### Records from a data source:
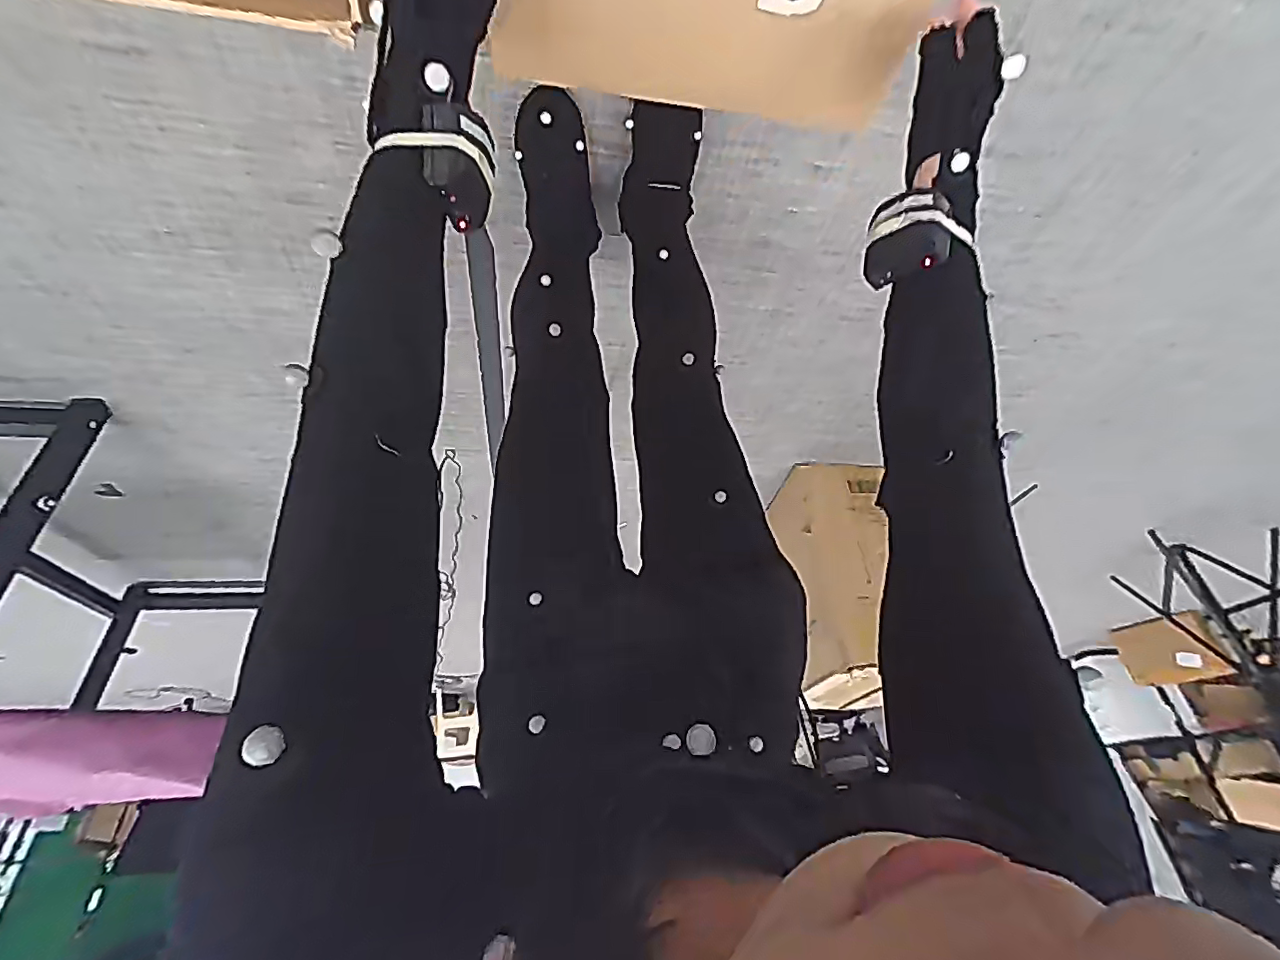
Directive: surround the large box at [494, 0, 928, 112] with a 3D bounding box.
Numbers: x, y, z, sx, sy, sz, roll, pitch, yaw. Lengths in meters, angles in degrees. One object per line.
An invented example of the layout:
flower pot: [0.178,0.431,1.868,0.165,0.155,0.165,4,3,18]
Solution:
large box: [0.067,-0.603,0.504,0.408,0.320,0.320,1,148,-10]

### Goal of the exercise:
Retype all the entries word for word; the pictures stay out.

### Response to this exercise:
Directive: surround the large box at [494, 0, 928, 112] with a 3D bounding box.
Numbers: x, y, z, sx, sy, sz, roll, pitch, yaw. Lengths in meters, angles in degrees. One object per line.
An invented example of the layout:
flower pot: [0.178,0.431,1.868,0.165,0.155,0.165,4,3,18]
Solution:
large box: [0.067,-0.603,0.504,0.408,0.320,0.320,1,148,-10]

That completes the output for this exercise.